In fact, it was probably a good thing you two were being intimate, because there’s no telling if Ava would’ve noticed she was bleeding until it was too late.”

“It feels like it’s too late already!” I complained.

“You got here before this became a life-threatening medical emergency,” Mama said. “Now you’re in the proper place for the doctors to take action if it does.”

She glanced at the heartbeat monitor before she asked, “Do you need anything at the moment to make you more comfortable?”

“I don’t know what’s allowed. But my mouth is really dry.”

“Ice chips would be best,” Mama noted.

“I’ll get some.” Charlie was already moving out the door. I allowed myself to smile just a little. He was being so helpful, or at least trying. I think it was his way of telling me that although I was doing the work, he wanted to be here to help me.

“Nothing to say about me screwing around with my ex-husband?” I asked Mama, dropping my voice low.

“I’m not going to judge, and he’s not your ex-husband yet,” Mama whispered softly. “You might want to think about putting the divorce on hold for a moment.”

“Yeah, Mama, no shit. Thanks for stating the obvious.”

She reached out to grasp my hand. “I know this is frightening. But I’m not leaving you, and I’m going to be here every step of the way.”

“I didn’t want to be a mom.” My voice cracked on the last word. “Now I don't have a choice.”

“We can figure that part out later. All you have to focus on is getting this baby out,” Mama said. “We take this one step at a time.”

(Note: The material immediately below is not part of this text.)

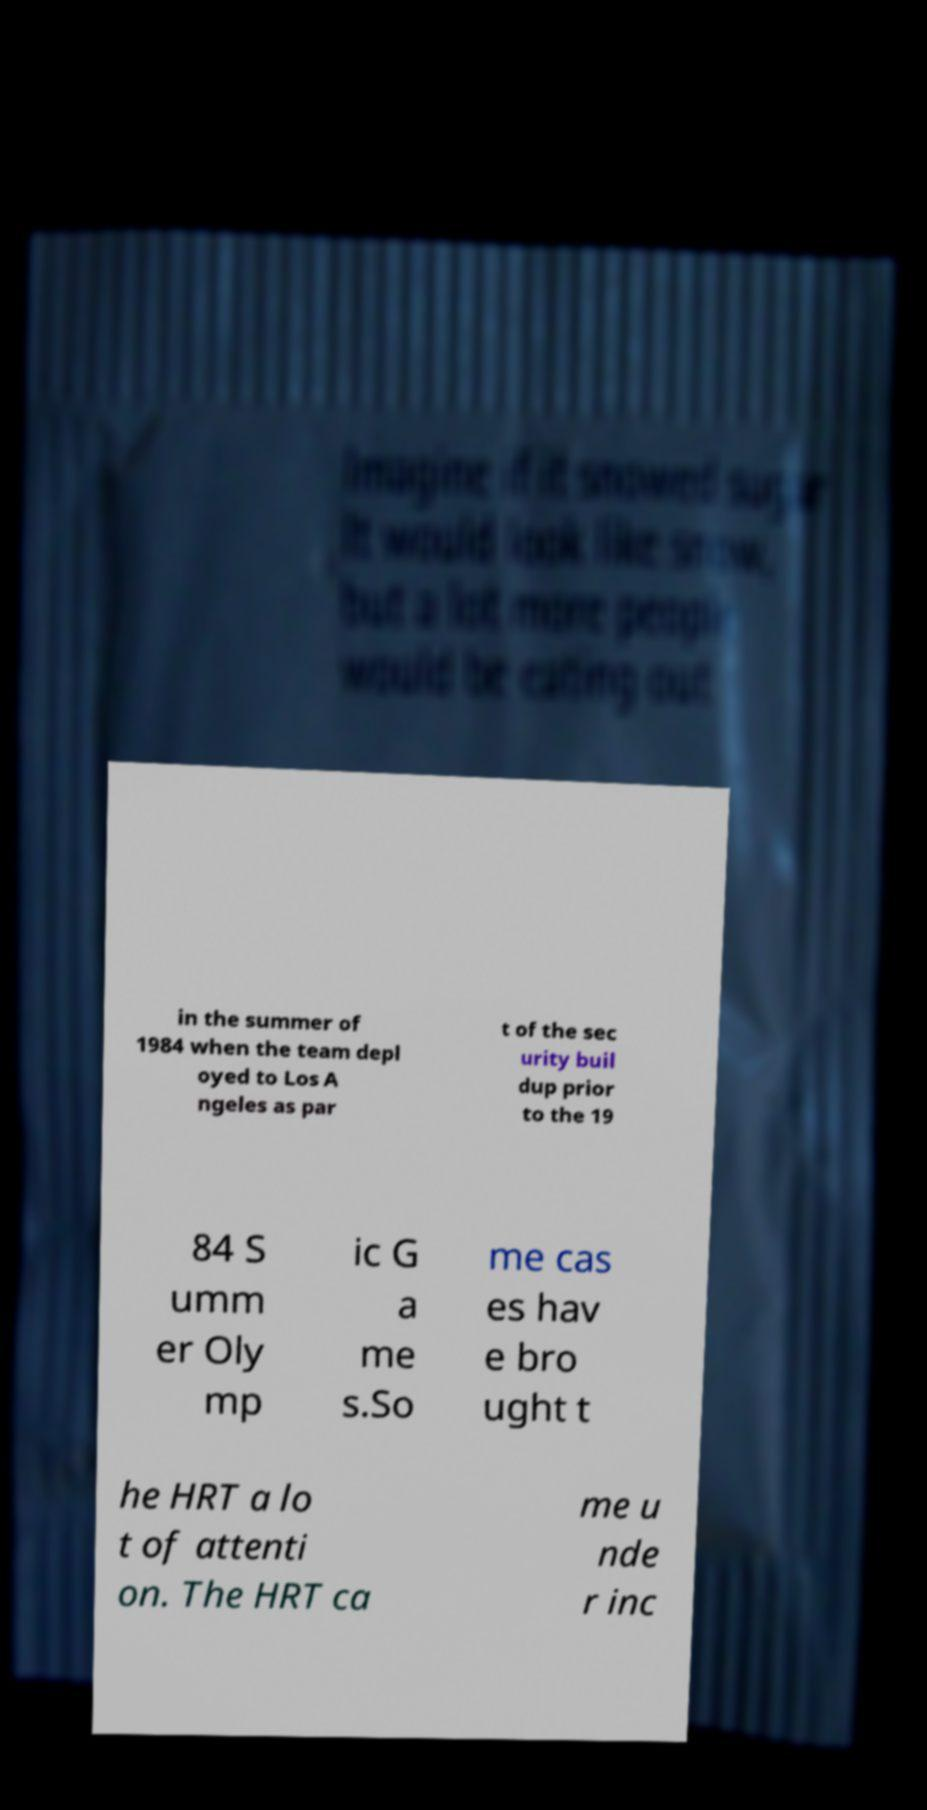What messages or text are displayed in this image? I need them in a readable, typed format. in the summer of 1984 when the team depl oyed to Los A ngeles as par t of the sec urity buil dup prior to the 19 84 S umm er Oly mp ic G a me s.So me cas es hav e bro ught t he HRT a lo t of attenti on. The HRT ca me u nde r inc 
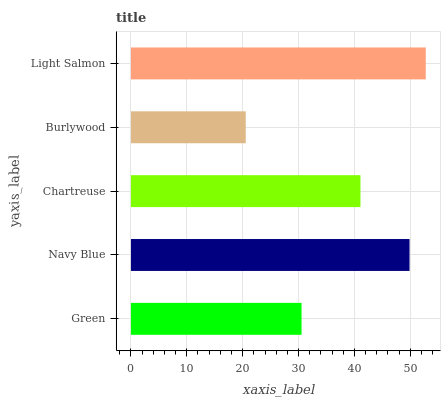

“But giving birth is so scary. You nearly died when you had me,” I whimpered.

“Your birth was traumatic, Ava, but I had wonderful births with all your other siblings. They came easily, without much pain at all. Birth can be frightening and painful, but for some, it can be simple, even pleasurable.”

“Like that’s going to happen for me, seeing as my lower half’s not working as it is,” I grumbled.